### The problem
Track down each line below containing the string "return" and copy it.

● ● ● ● ●

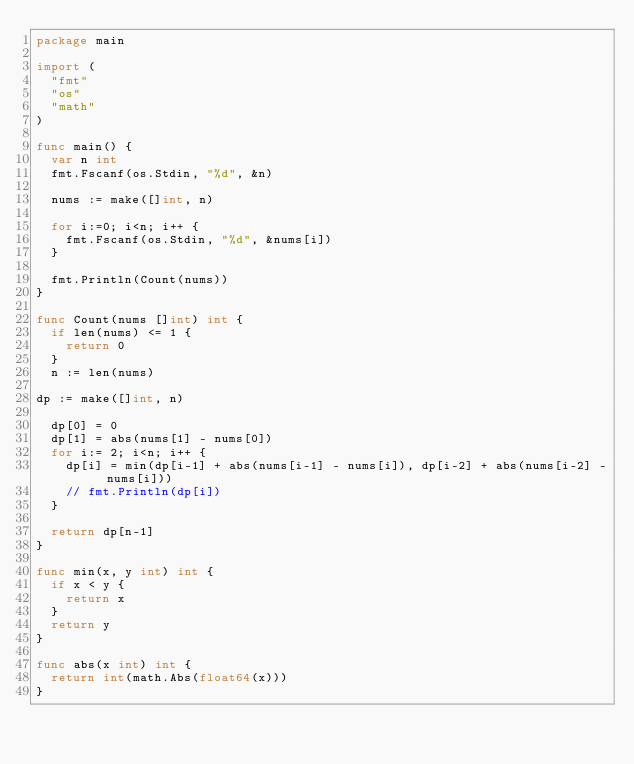Convert code to text. <code><loc_0><loc_0><loc_500><loc_500><_Go_>package main

import (
	"fmt"
	"os"
	"math"
)

func main() {
  var n int
  fmt.Fscanf(os.Stdin, "%d", &n)
  
  nums := make([]int, n)
  
  for i:=0; i<n; i++ {
    fmt.Fscanf(os.Stdin, "%d", &nums[i])
  }
  
  fmt.Println(Count(nums))
}

func Count(nums []int) int {
  if len(nums) <= 1 {
    return 0
  }
  n := len(nums)
  
dp := make([]int, n)

	dp[0] = 0
	dp[1] = abs(nums[1] - nums[0])
  for i:= 2; i<n; i++ {
	  dp[i] = min(dp[i-1] + abs(nums[i-1] - nums[i]), dp[i-2] + abs(nums[i-2] - nums[i]))
	  // fmt.Println(dp[i])
  }
	
  return dp[n-1]
}

func min(x, y int) int {
  if x < y {
    return x
  }
  return y
}

func abs(x int) int {
	return int(math.Abs(float64(x)))
}
</code> 
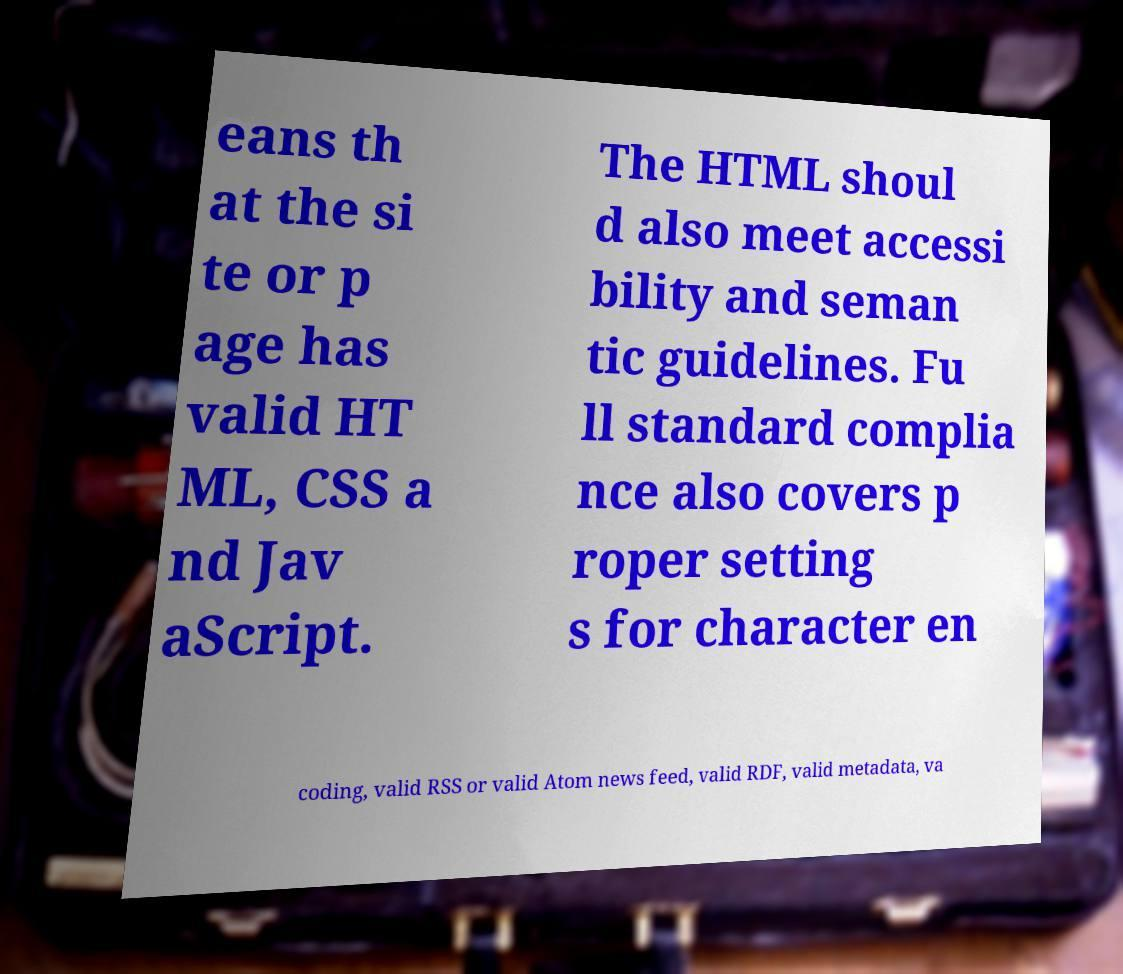For documentation purposes, I need the text within this image transcribed. Could you provide that? eans th at the si te or p age has valid HT ML, CSS a nd Jav aScript. The HTML shoul d also meet accessi bility and seman tic guidelines. Fu ll standard complia nce also covers p roper setting s for character en coding, valid RSS or valid Atom news feed, valid RDF, valid metadata, va 
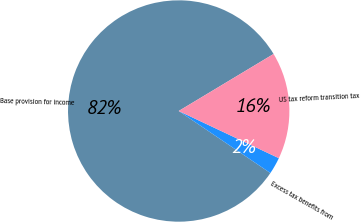Convert chart to OTSL. <chart><loc_0><loc_0><loc_500><loc_500><pie_chart><fcel>Base provision for income<fcel>Excess tax benefits from<fcel>US tax reform transition tax<nl><fcel>81.92%<fcel>2.46%<fcel>15.62%<nl></chart> 
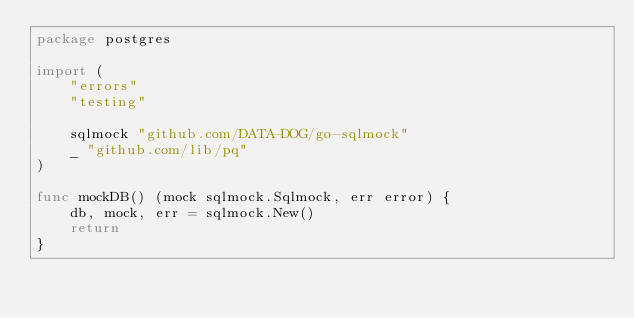Convert code to text. <code><loc_0><loc_0><loc_500><loc_500><_Go_>package postgres

import (
	"errors"
	"testing"

	sqlmock "github.com/DATA-DOG/go-sqlmock"
	_ "github.com/lib/pq"
)

func mockDB() (mock sqlmock.Sqlmock, err error) {
	db, mock, err = sqlmock.New()
	return
}
</code> 
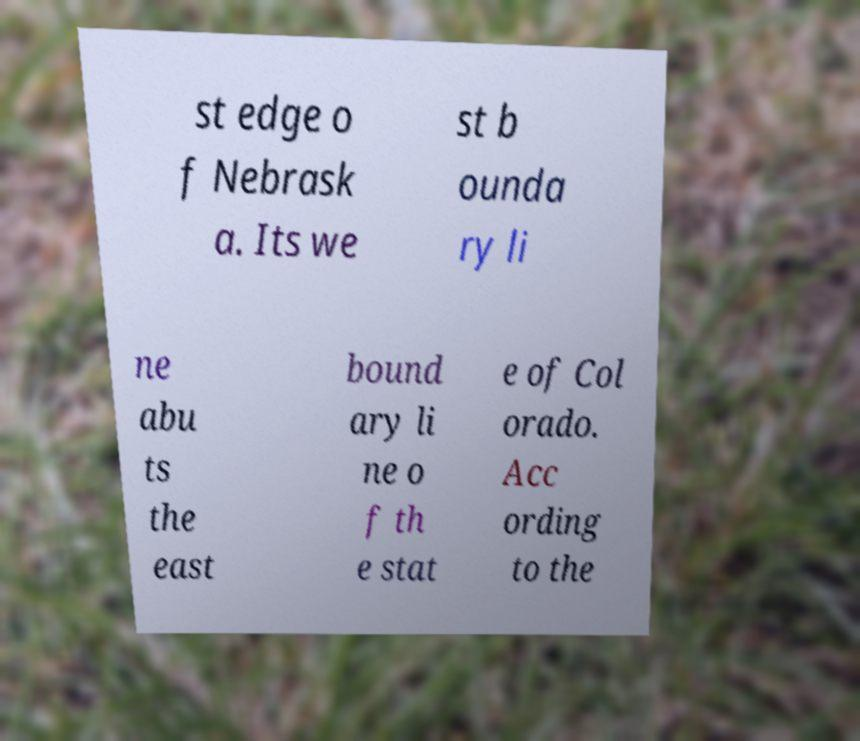Could you assist in decoding the text presented in this image and type it out clearly? st edge o f Nebrask a. Its we st b ounda ry li ne abu ts the east bound ary li ne o f th e stat e of Col orado. Acc ording to the 
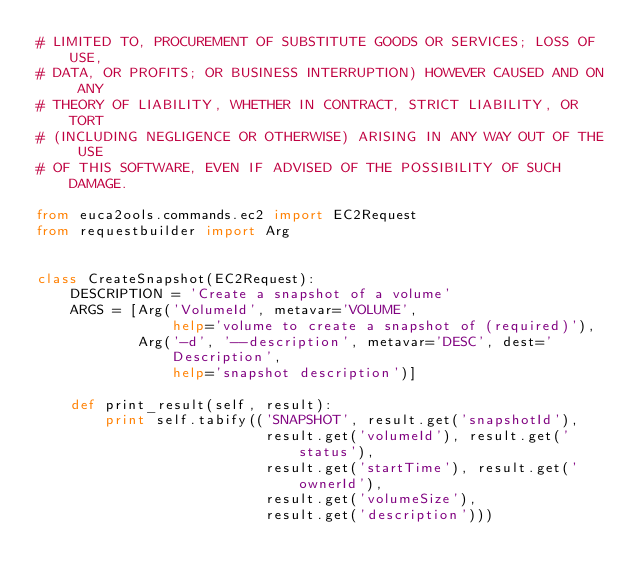Convert code to text. <code><loc_0><loc_0><loc_500><loc_500><_Python_># LIMITED TO, PROCUREMENT OF SUBSTITUTE GOODS OR SERVICES; LOSS OF USE,
# DATA, OR PROFITS; OR BUSINESS INTERRUPTION) HOWEVER CAUSED AND ON ANY
# THEORY OF LIABILITY, WHETHER IN CONTRACT, STRICT LIABILITY, OR TORT
# (INCLUDING NEGLIGENCE OR OTHERWISE) ARISING IN ANY WAY OUT OF THE USE
# OF THIS SOFTWARE, EVEN IF ADVISED OF THE POSSIBILITY OF SUCH DAMAGE.

from euca2ools.commands.ec2 import EC2Request
from requestbuilder import Arg


class CreateSnapshot(EC2Request):
    DESCRIPTION = 'Create a snapshot of a volume'
    ARGS = [Arg('VolumeId', metavar='VOLUME',
                help='volume to create a snapshot of (required)'),
            Arg('-d', '--description', metavar='DESC', dest='Description',
                help='snapshot description')]

    def print_result(self, result):
        print self.tabify(('SNAPSHOT', result.get('snapshotId'),
                           result.get('volumeId'), result.get('status'),
                           result.get('startTime'), result.get('ownerId'),
                           result.get('volumeSize'),
                           result.get('description')))
</code> 
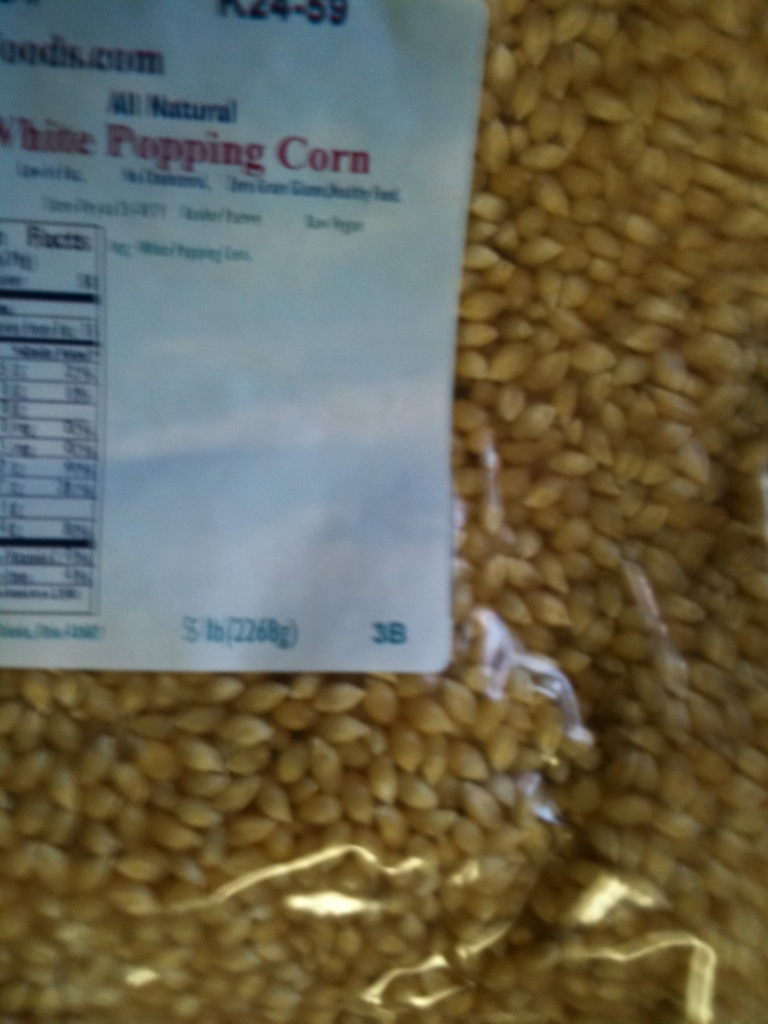What is this item? This is a package of all-natural white popping corn. It's typically used for making homemade popcorn by heating the kernels, which causes them to pop and expand into the fluffy snack we all love. 
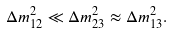Convert formula to latex. <formula><loc_0><loc_0><loc_500><loc_500>\Delta m _ { 1 2 } ^ { 2 } \ll \Delta m _ { 2 3 } ^ { 2 } \approx \Delta m _ { 1 3 } ^ { 2 } .</formula> 
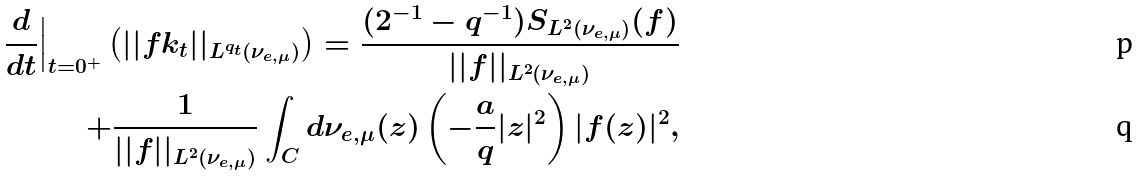Convert formula to latex. <formula><loc_0><loc_0><loc_500><loc_500>\frac { d } { d t } \Big | _ { t = 0 ^ { + } } \left ( | | f k _ { t } | | _ { L ^ { q _ { t } } \left ( \nu _ { e , \mu } \right ) } \right ) = \frac { ( 2 ^ { - 1 } - q ^ { - 1 } ) S _ { L ^ { 2 } ( \nu _ { e , \mu } ) } ( f ) } { | | f | | _ { L ^ { 2 } ( \nu _ { e , \mu } ) } } \\ + \frac { 1 } { | | f | | _ { L ^ { 2 } ( \nu _ { e , \mu } ) } } \int _ { C } d \nu _ { e , \mu } ( z ) \left ( - \frac { a } { q } | z | ^ { 2 } \right ) | f ( z ) | ^ { 2 } ,</formula> 
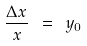<formula> <loc_0><loc_0><loc_500><loc_500>\frac { { \Delta } x } { x } \ = \ y _ { 0 }</formula> 
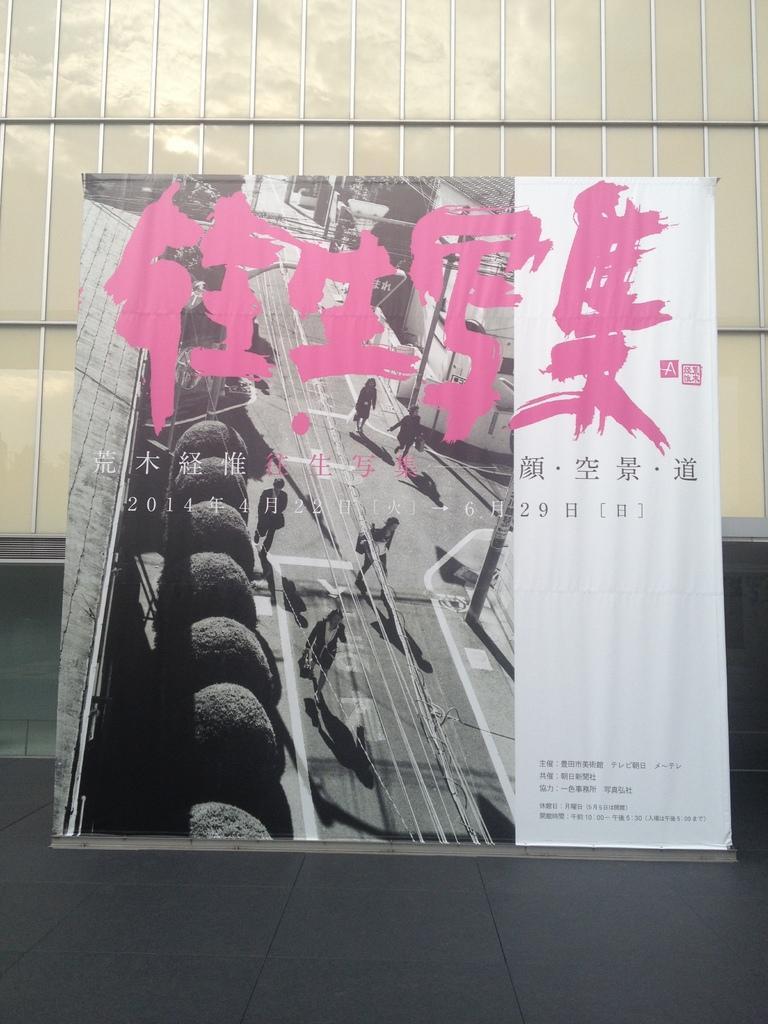Can you describe this image briefly? In the picture we can see a wall and a board with a painting on it with some people walking on it and besides it we can see some information.

● ● ● ● ●

### Your response
    return 0
  return dp[n-1]
    return x
  return y
	return int(math.Abs(float64(x)))
	return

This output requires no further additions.